* **Exercise goal**: A verbatim transcript of the data that follows, free of images, is the expected result.

(Stored entries)
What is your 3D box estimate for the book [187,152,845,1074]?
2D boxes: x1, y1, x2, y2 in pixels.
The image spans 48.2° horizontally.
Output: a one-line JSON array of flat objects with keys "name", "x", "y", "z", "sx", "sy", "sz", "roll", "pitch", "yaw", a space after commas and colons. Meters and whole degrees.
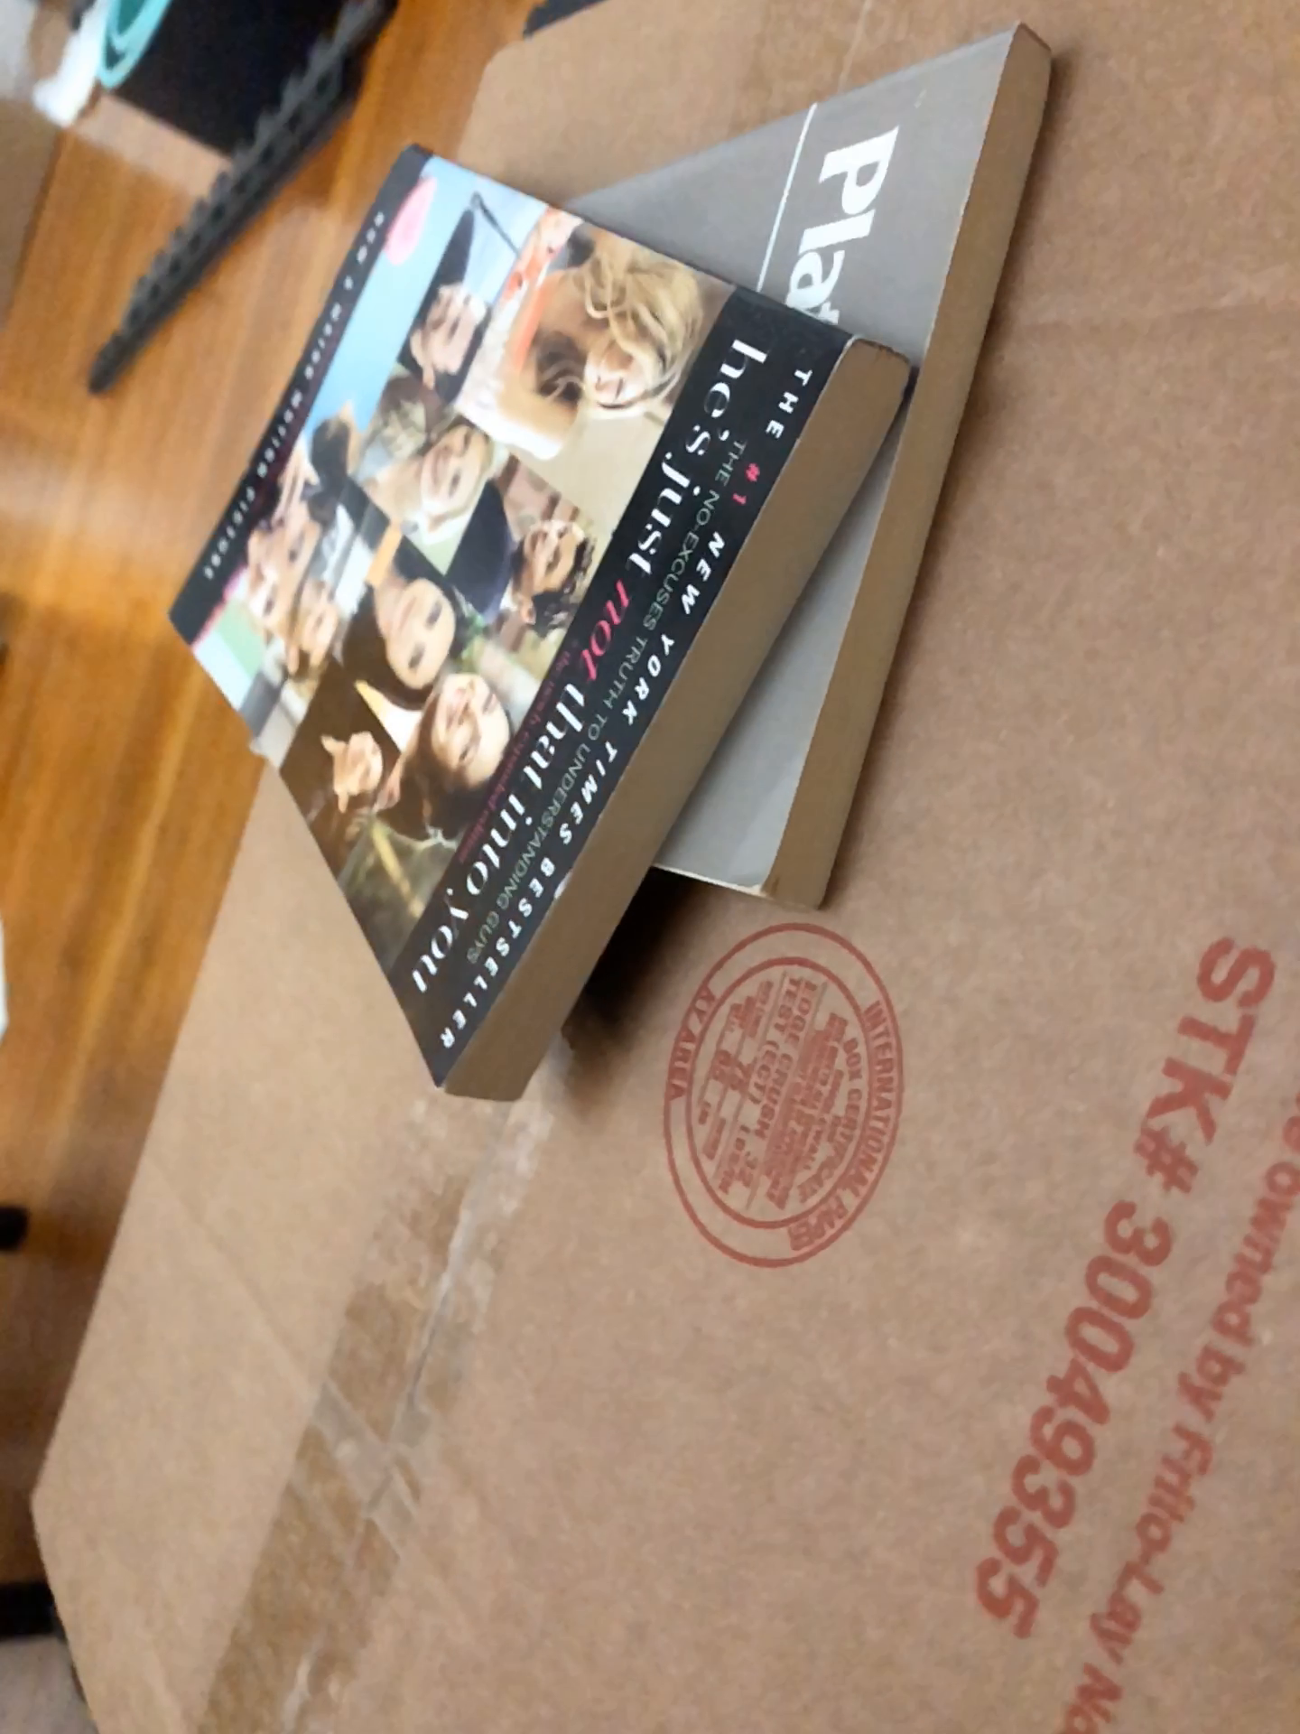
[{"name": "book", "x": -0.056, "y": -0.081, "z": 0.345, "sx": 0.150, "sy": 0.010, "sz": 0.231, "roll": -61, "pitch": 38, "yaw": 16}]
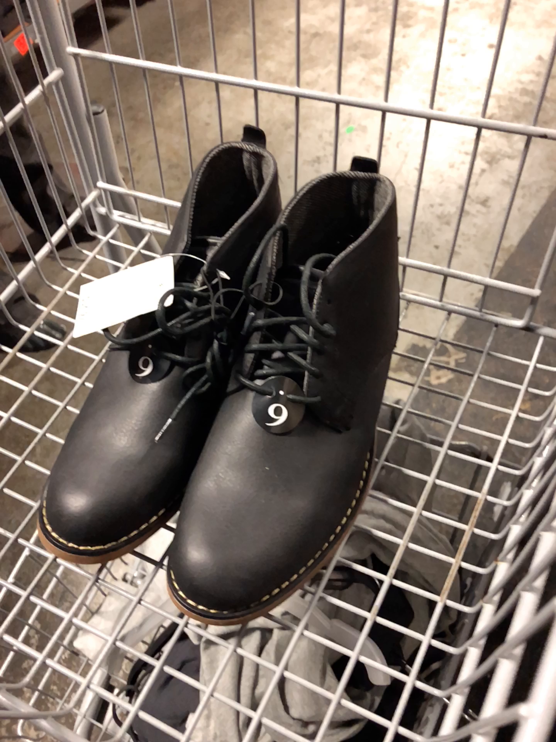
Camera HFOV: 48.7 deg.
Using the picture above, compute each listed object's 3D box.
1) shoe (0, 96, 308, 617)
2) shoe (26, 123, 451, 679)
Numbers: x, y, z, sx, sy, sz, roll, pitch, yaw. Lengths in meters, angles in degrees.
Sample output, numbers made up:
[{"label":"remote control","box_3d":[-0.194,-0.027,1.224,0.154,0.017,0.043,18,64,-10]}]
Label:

* **Worked solution**:
What is your 3D box estimate for the book [187,152,845,1074]?
2D boxes: x1, y1, x2, y2 in pixels.
The image spans 48.2° horizontally.
Output: a one-line JSON array of flat objects with keys "name", "x", "y", "z", "sx", "sy", "sz", "roll", "pitch", "yaw", a space after commas and colons. Meters and whole degrees.
[{"name": "book", "x": -0.056, "y": -0.081, "z": 0.345, "sx": 0.150, "sy": 0.010, "sz": 0.231, "roll": -61, "pitch": 38, "yaw": 16}]
Camera HFOV: 48.7 deg.
Using the picture above, compute each listed object's 3D box.
1) shoe (0, 96, 308, 617)
2) shoe (26, 123, 451, 679)
Numbers: x, y, z, sx, sy, sz, roll, pitch, yaw. Lengths in meters, angles in degrees.
Sample output, numbers made up:
[{"label":"remote control","box_3d":[-0.194,-0.027,1.224,0.154,0.017,0.043,18,64,-10]}]
Label:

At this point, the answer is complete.